The relationship between blue, yellow and green is clearly demonstrated on the color wheel. This diagram illustrates how colors relate to one another based on their wavelengths and additive/subtractive mixing. Blue and yellow appear on opposite sides of the color wheel. Mixing opposites yields a color midway between them – in this case green.

Color Wavelength
Red ~700 nm
Orange ~610 nm
Yellow ~580 nm
Green ~510 nm
Blue ~470 nm
Violet ~420 nm

Light and Pigment Interactions

An interesting intersection of additive and subtractive color mixing occurs when colored light shines on a pigment of a different color. For example, blue light shining on a yellow pigment will be absorbed, while the yellow pigment reflects back the longer green and red wavelengths – resulting in the perception of green where the two intersect.

This effect is well demonstrated in Claude Monet’s famous painting Impression, Sunrise, which depicts a red sun casting orange and blue light over the landscape and water. The interactions of the colored light with the water, buildings and air results in a vivid interplay of green, purple and yellow tones throughout the painting.
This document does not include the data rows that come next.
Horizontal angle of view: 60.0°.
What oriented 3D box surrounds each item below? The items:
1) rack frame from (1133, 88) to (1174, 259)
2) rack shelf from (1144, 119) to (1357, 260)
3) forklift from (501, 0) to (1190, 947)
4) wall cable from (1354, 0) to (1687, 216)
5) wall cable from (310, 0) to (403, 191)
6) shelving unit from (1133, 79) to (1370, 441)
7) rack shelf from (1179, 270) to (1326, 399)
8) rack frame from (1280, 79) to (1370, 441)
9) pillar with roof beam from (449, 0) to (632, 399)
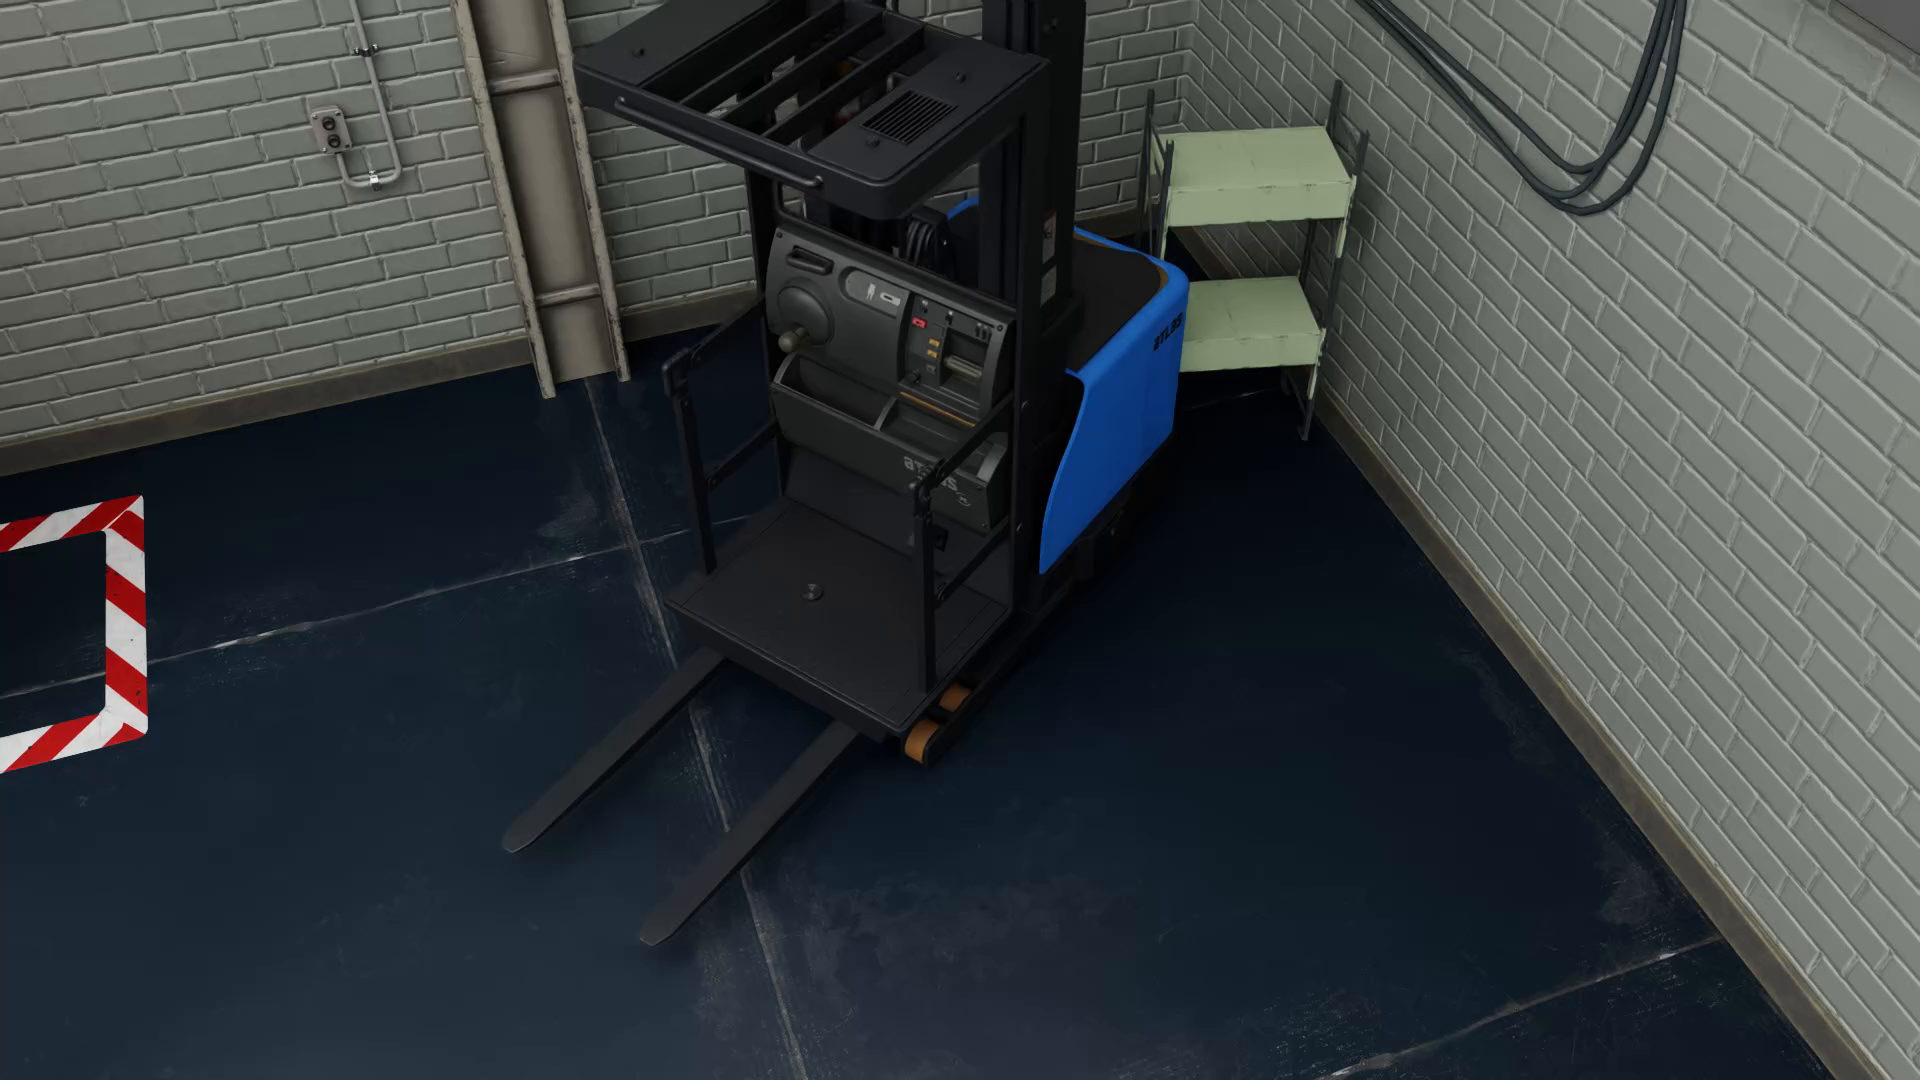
[{"bbox_3d":[0.743,-1.049,6.727,0.023,1.500,0.400,-4,45,-5],"label":"rack frame"},{"bbox_3d":[1.110,-1.352,6.482,0.720,0.370,0.431,-4,45,-5],"label":"rack shelf"},{"bbox_3d":[-0.371,-0.627,5.305,1.130,2.935,3.031,26,51,24],"label":"forklift"},{"bbox_3d":[1.484,-2.753,5.332,0.112,2.526,3.097,-14,47,-14],"label":"wall cable"},{"bbox_3d":[-3.074,-1.906,5.814,1.851,1.984,0.084,-14,47,-14],"label":"wall cable"},{"bbox_3d":[1.107,-1.074,6.757,0.755,1.500,0.431,-4,45,-5],"label":"shelving unit"},{"bbox_3d":[1.105,-0.843,6.986,0.720,0.370,0.431,-4,45,-5],"label":"rack shelf"},{"bbox_3d":[1.471,-1.100,6.786,0.023,1.500,0.400,-4,45,-5],"label":"rack frame"},{"bbox_3d":[-0.249,-1.084,1.477,0.400,9.000,9.100,-14,47,-14],"label":"pillar with roof beam"}]

Understanding the dual nature of light and pigments is key to anticipating how colors will mix together and interact in different contexts.

Color Perception and the Brain

While we have focused on the physics of light and pigments, it’s important to note that color perception takes place in the brain. The receptors in our eyes simply detect different wavelengths of light – it’s up to the brain to interpret the signals as color. Factors like shadow, context and surrounding colors can influence which wavelengths are perceived as which colors.

Interestingly, a phenomenon called metamerism means that different combinations of wavelengths can sometimes be perceived as the same color. A mix of red and blue light might produce the same green color sensation as a mix of yellow and blue light, even though the wavelength combinations differ. Our brains can interpret different inputs as the same output color.

This complexity in color vision processing explains some of the subjective nature of color experience. Two people with normally functioning color vision can still perceive colors slightly differently!

Conclusion

When blue and yellow paint or light mix together, the resulting color is green. This is due to the additive mixing of blue’s short wavelengths and yellow’s longer wavelengths, or the subtractive absorption of violets and blues from the color spectrum by yellow and blue pigments respectively. Understanding the science behind how we see color helps explain the relationships between different hues predicted by color theory diagrams like the color wheel. Mixing blue and yellow always yields green – but our brains also play a role in how we perceive color, adding complexity to this visual process fundamental to human experience.